Il 18 febbraio, Macron ha dichiarato che avrebbe gradualmente posto fine al sistema secondo il quale alcuni Paesi islamici, tra cui Algeria, Marocco e Turchia, inviano imam in Francia per predicare nelle moschee. “Questa fine del sistema islamico consolare è estremamente importante per frenare l’influenza straniera e assicurarsi che tutti rispettino le leggi della Repubblica”, ha riferito Macron ai giornalisti nella città francese orientale di Mulhouse, dove si trovava per sostenere un candidato sindaco. Il presidente ha poi affermato che 300 imam sono stati inviati in Francia ogni anno da questi Paesi e che quelli arrivati nel 2020 sarebbero stati gli ultimi ad entrare. Macron ha anche aggiunto che il suo governo ha chiesto all’organismo che rappresenta l’Islam in Francia di trovare soluzioni alternative, come la preparazione di imam sul suolo francese, assicurandosi che questi non diffondano propaganda”islamista”.

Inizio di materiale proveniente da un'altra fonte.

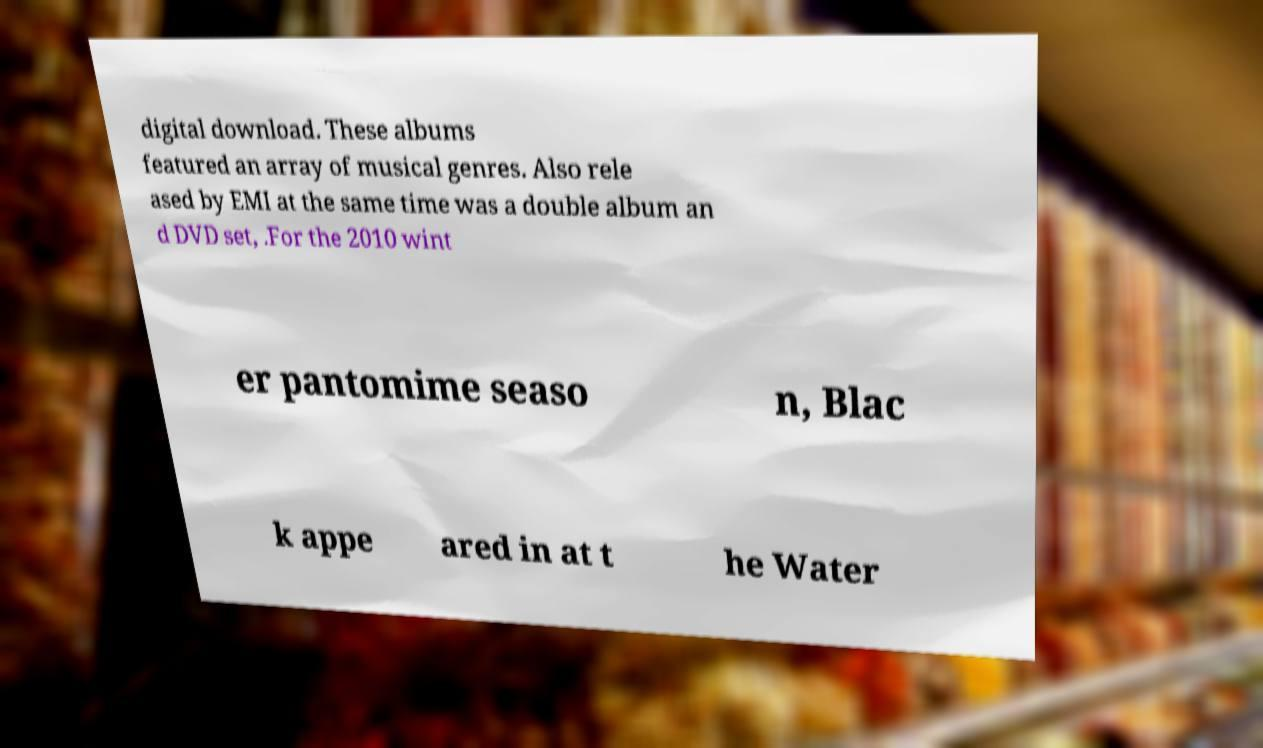For documentation purposes, I need the text within this image transcribed. Could you provide that? digital download. These albums featured an array of musical genres. Also rele ased by EMI at the same time was a double album an d DVD set, .For the 2010 wint er pantomime seaso n, Blac k appe ared in at t he Water 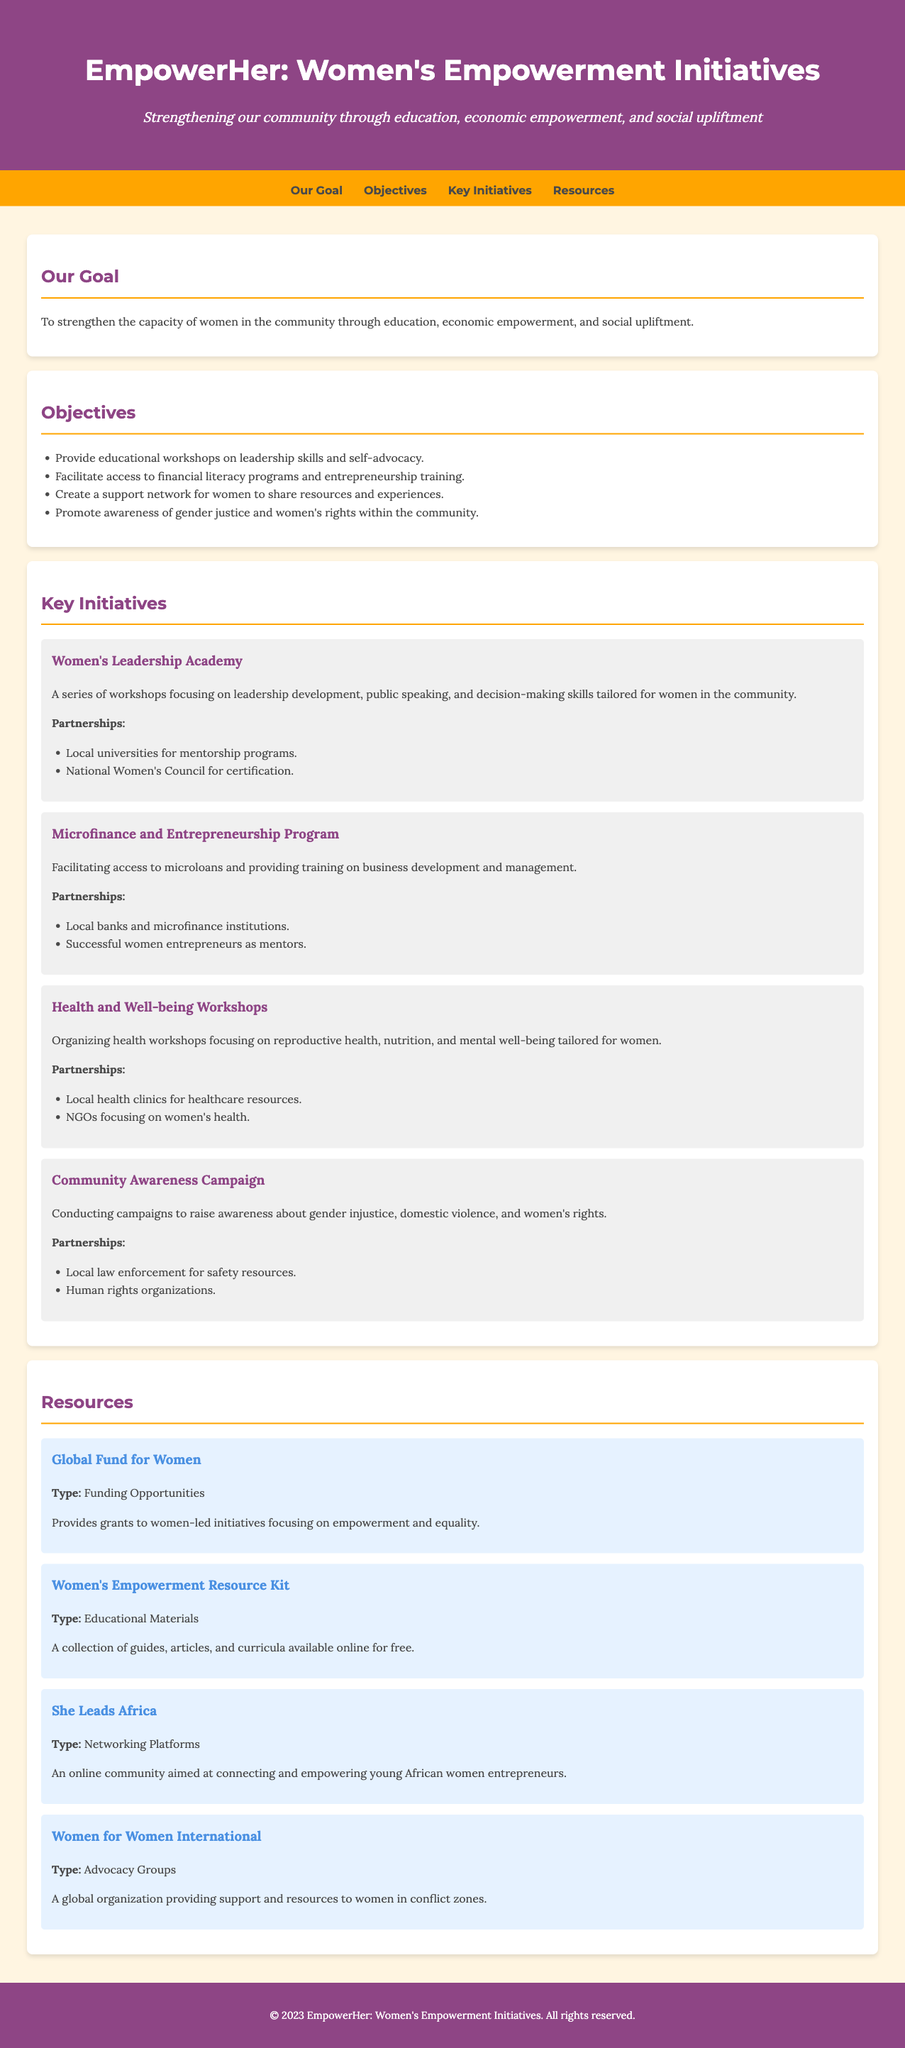What is the title of the program? The title of the program is found in the header section of the document.
Answer: EmpowerHer: Women's Empowerment Initiatives What is the main goal of the initiative? The main goal is specified in the "Our Goal" section of the document.
Answer: To strengthen the capacity of women in the community through education, economic empowerment, and social upliftment How many key initiatives are listed? The number of key initiatives can be counted in the "Key Initiatives" section.
Answer: Four What type of workshops does the Women's Leadership Academy focus on? The focus of the Women's Leadership Academy is mentioned in its description.
Answer: Leadership development Which partner organizations are included in the Microfinance and Entrepreneurship Program? The partner organizations can be found in the description of the Microfinance and Entrepreneurship Program.
Answer: Local banks and microfinance institutions What resource type is the "Global Fund for Women"? The type of resource is specified in the description of the resource.
Answer: Funding Opportunities What is the focus of the Health and Well-being Workshops? The focus area is described in the initiative section for Health and Well-being Workshops.
Answer: Reproductive health Who is the target demographic for She Leads Africa? The target demographic is identified in the description of the platform.
Answer: Young African women entrepreneurs What is the main purpose of the Community Awareness Campaign? The main purpose is clearly stated in the initiative's description.
Answer: Raise awareness about gender injustice 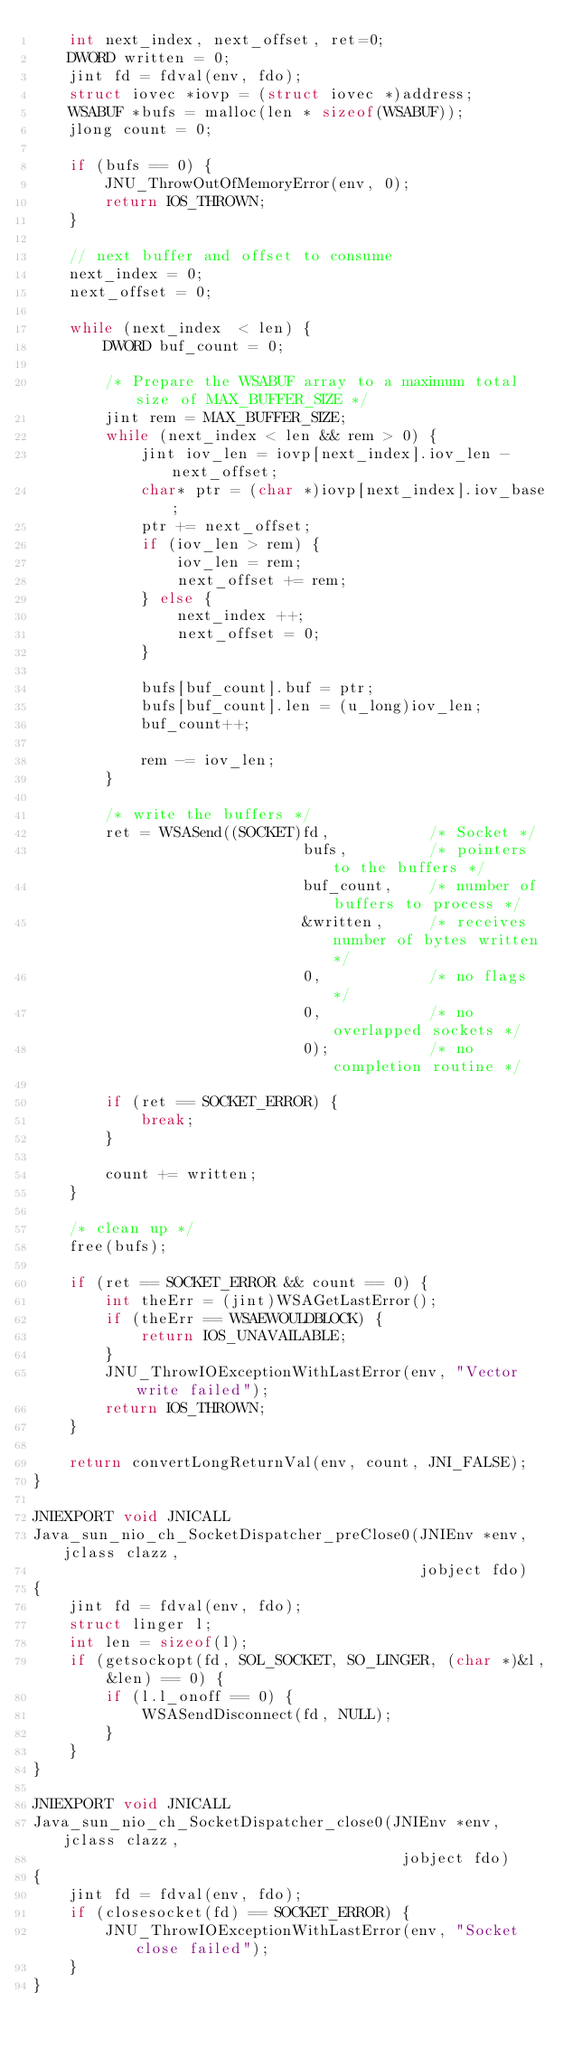Convert code to text. <code><loc_0><loc_0><loc_500><loc_500><_C_>    int next_index, next_offset, ret=0;
    DWORD written = 0;
    jint fd = fdval(env, fdo);
    struct iovec *iovp = (struct iovec *)address;
    WSABUF *bufs = malloc(len * sizeof(WSABUF));
    jlong count = 0;

    if (bufs == 0) {
        JNU_ThrowOutOfMemoryError(env, 0);
        return IOS_THROWN;
    }

    // next buffer and offset to consume
    next_index = 0;
    next_offset = 0;

    while (next_index  < len) {
        DWORD buf_count = 0;

        /* Prepare the WSABUF array to a maximum total size of MAX_BUFFER_SIZE */
        jint rem = MAX_BUFFER_SIZE;
        while (next_index < len && rem > 0) {
            jint iov_len = iovp[next_index].iov_len - next_offset;
            char* ptr = (char *)iovp[next_index].iov_base;
            ptr += next_offset;
            if (iov_len > rem) {
                iov_len = rem;
                next_offset += rem;
            } else {
                next_index ++;
                next_offset = 0;
            }

            bufs[buf_count].buf = ptr;
            bufs[buf_count].len = (u_long)iov_len;
            buf_count++;

            rem -= iov_len;
        }

        /* write the buffers */
        ret = WSASend((SOCKET)fd,           /* Socket */
                              bufs,         /* pointers to the buffers */
                              buf_count,    /* number of buffers to process */
                              &written,     /* receives number of bytes written */
                              0,            /* no flags */
                              0,            /* no overlapped sockets */
                              0);           /* no completion routine */

        if (ret == SOCKET_ERROR) {
            break;
        }

        count += written;
    }

    /* clean up */
    free(bufs);

    if (ret == SOCKET_ERROR && count == 0) {
        int theErr = (jint)WSAGetLastError();
        if (theErr == WSAEWOULDBLOCK) {
            return IOS_UNAVAILABLE;
        }
        JNU_ThrowIOExceptionWithLastError(env, "Vector write failed");
        return IOS_THROWN;
    }

    return convertLongReturnVal(env, count, JNI_FALSE);
}

JNIEXPORT void JNICALL
Java_sun_nio_ch_SocketDispatcher_preClose0(JNIEnv *env, jclass clazz,
                                           jobject fdo)
{
    jint fd = fdval(env, fdo);
    struct linger l;
    int len = sizeof(l);
    if (getsockopt(fd, SOL_SOCKET, SO_LINGER, (char *)&l, &len) == 0) {
        if (l.l_onoff == 0) {
            WSASendDisconnect(fd, NULL);
        }
    }
}

JNIEXPORT void JNICALL
Java_sun_nio_ch_SocketDispatcher_close0(JNIEnv *env, jclass clazz,
                                         jobject fdo)
{
    jint fd = fdval(env, fdo);
    if (closesocket(fd) == SOCKET_ERROR) {
        JNU_ThrowIOExceptionWithLastError(env, "Socket close failed");
    }
}
</code>

Macron, che viene costantemente attaccato dalla leader di estrema destra, Marine Le Pen, sulla questione dell’integrazione dei musulmani francesi, ha anche affermato che metterà fine alla pratica degli studenti francesi che prendono lezioni da insegnanti pagati da governi stranieri. La Francia ha accordi con 9 Paesi, tra cui Algeria, Marocco, Tunisia e Turchia, in base ai quali i governi possono inviare insegnanti nelle scuole francesi per insegnare l’arabo o il turco agli studenti che sono originari di questi Stati. Macron ha dichiarato di aver trovato un accordo per porre fine a tale pratica con tutti questi Paesi, ad eccezione della Turchia. “Non permetterò a nessuno, chiunque esso sia, di alimentare il separatismo”, ha affermato Macron. “Non si può imporre la legge turca sul suolo francese. Non può essere”, ha aggiunto. 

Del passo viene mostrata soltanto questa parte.